▶ _Records contained in a dataset_

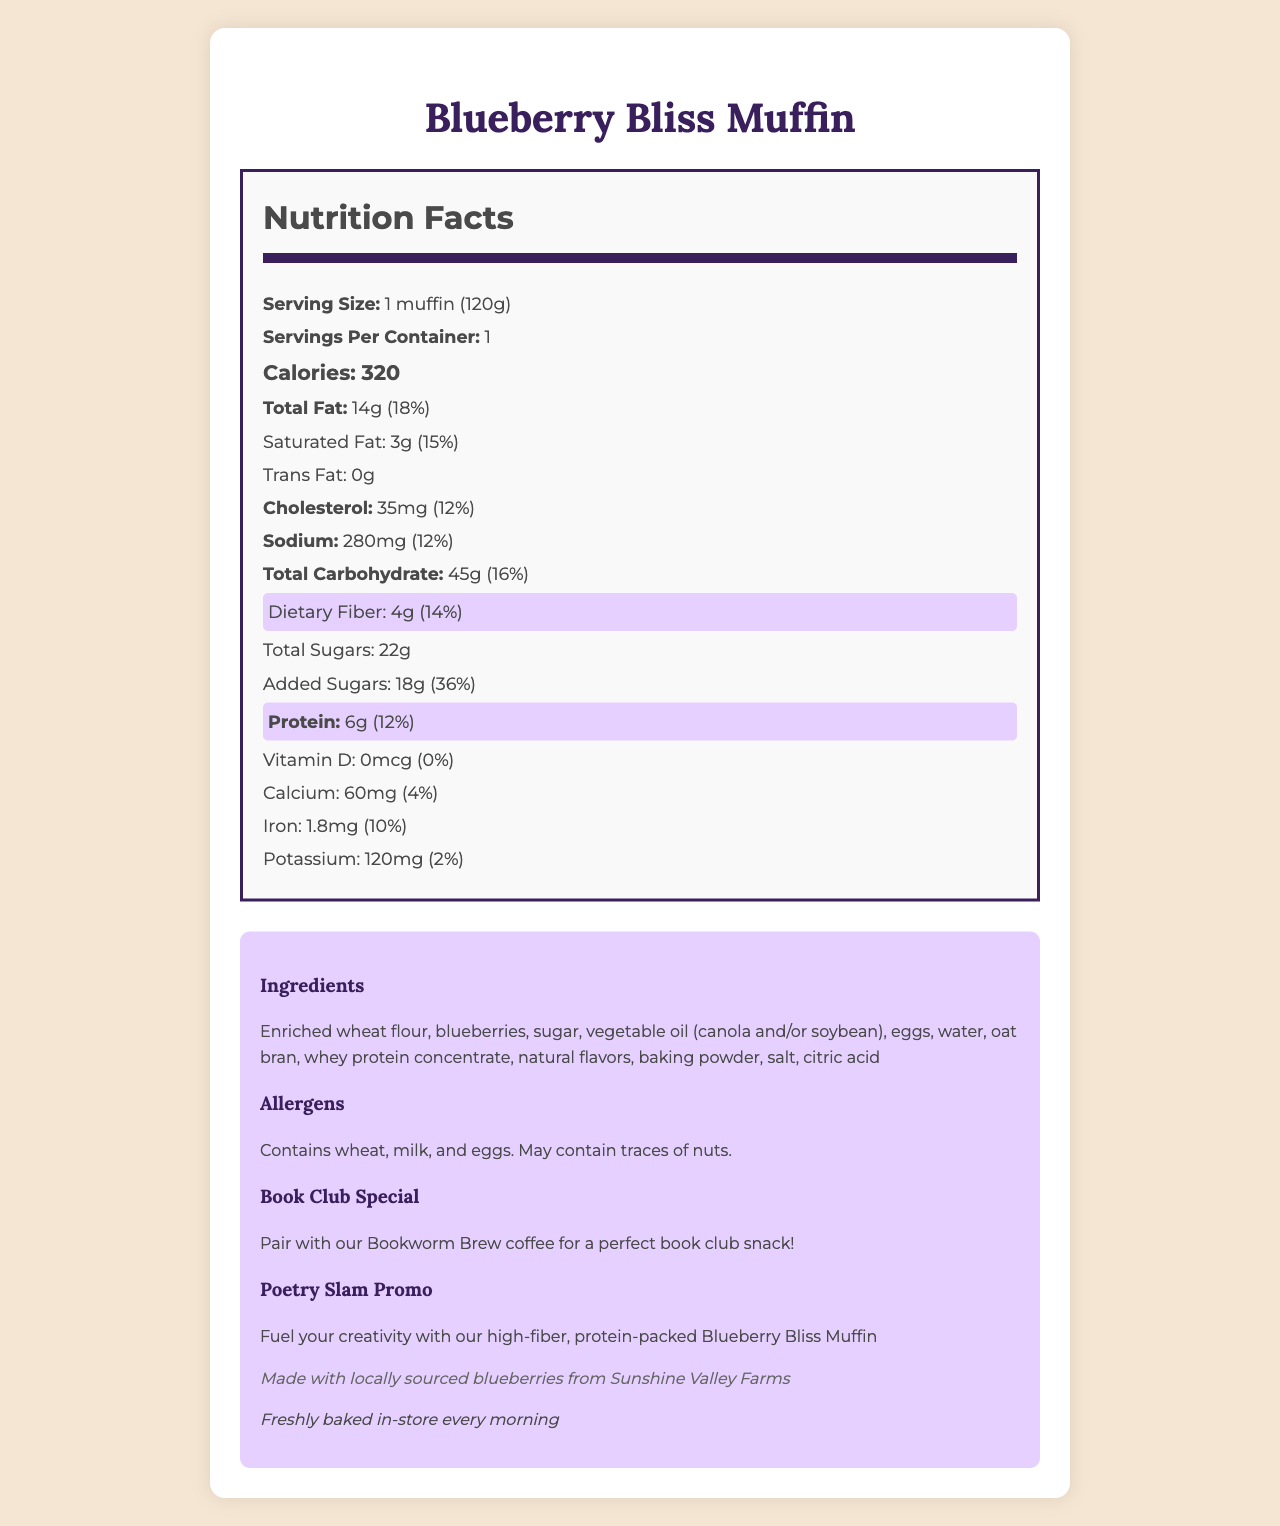what is the serving size of the Blueberry Bliss Muffin? The serving size is listed at the top of the Nutrition Facts label and is indicated as "1 muffin (120g)".
Answer: 1 muffin (120g) how many grams of dietary fiber does one muffin contain? The Nutrition Facts label highlights dietary fiber content, showing it contains 4g of fiber.
Answer: 4g what is the total calorie count for one muffin? The total calorie content is prominently displayed as "Calories: 320" in the Nutrition Facts section.
Answer: 320 calories what percentage of the daily value for protein does one muffin provide? The protein content and daily value percentage are given as "Protein: 6g (12%)" in the Nutrition Facts label.
Answer: 12% how much potassium is in a single muffin? The potassium content is listed under the Nutrition Facts label and shows "Potassium: 120mg (2%)".
Answer: 120mg what allergens are present in the muffin? The allergens section clearly states "Contains wheat, milk, and eggs. May contain traces of nuts."
Answer: Wheat, milk, and eggs how much total fat is in a single muffin? The total fat content is shown as "Total Fat: 14g (18%)" on the Nutrition Facts label.
Answer: 14g By pairing the muffin with our Bookworm Brew coffee, what special occasion is this promoting? The additional information section mentions "Pair with our Bookworm Brew coffee for a perfect book club snack!"
Answer: Book club meetings what is the main selling point of the Blueberry Bliss Muffin for poetry slams? The Poetry Slam Promo highlights "Fuel your creativity with our high-fiber, protein-packed Blueberry Bliss Muffin."
Answer: High-fiber, protein-packed which of the following nutrients does the Blueberry Bliss Muffin contain the least of? 1. Protein 2. Dietary Fiber 3. Vitamin D 4. Calcium The Nutrition Facts label indicates that Vitamin D has 0mcg, which is 0% of the daily value, the lowest among the listed nutrients.
Answer: 3. Vitamin D which ingredients are listed as the main ingredients in the Blueberry Bliss Muffin? A. Enriched wheat flour, blueberries, sugar B. Water, oat bran, whey protein concentrate C. Vegetable oil, eggs, baking powder D. Potato starch, rice flour, almond flour The ingredients section lists "Enriched wheat flour, blueberries, sugar" as the first three ingredients, making them the main ingredients.
Answer: A does the muffin contain any trans fat? The Nutrition Facts label states "Trans Fat: 0g".
Answer: No what is described about the sourcing of the blueberries in the muffin? The additional information mentions that the muffin is made with "locally sourced blueberries from Sunshine Valley Farms".
Answer: Made with locally sourced blueberries from Sunshine Valley Farms summarize the entire document. The document is a comprehensive presentation of the Blueberry Bliss Muffin, including its nutrition content, ingredient list, allergens, and promotional details for specific events.
Answer: The document presents the Nutrition Facts label for the Blueberry Bliss Muffin, detailing its serving size, calorie content, various nutrients including fiber and protein, and ingredients. It mentions allergens, special pairings for book club meetings, promotions for poetry slams, local sourcing of ingredients, and highlights its freshly baked preparation. how many vitamins and minerals are detailed in the nutritional information? The Nutrition Facts label details Vitamin D, Calcium, Iron, and Potassium, making a total of four vitamins and minerals.
Answer: 4 is there more added sugar or total sugars in the muffin? The label shows "Total Sugars: 22g" and "Added Sugars: 18g". While 18g of the sugars are added, the total sugars include these plus naturally occurring sugars in the ingredients.
Answer: Total sugars what is the specific reason that boundaries or borders (e.g., "borders Laboratory" feature in the nutritional document) exist? The document does not provide details on why specific formatting choices, such as borders, are used.
Answer: Not enough information

▶ _What is needed_
There is a line with "Answer: A does" and a line with "Answer: No what" above. Copy exactly those two lines and all lines between them, with nothing else.

▶ _Exercise solution_
Answer: A does the muffin contain any trans fat? The Nutrition Facts label states "Trans Fat: 0g".
Answer: No what is described about the sourcing of the blueberries in the muffin? The additional information mentions that the muffin is made with "locally sourced blueberries from Sunshine Valley Farms".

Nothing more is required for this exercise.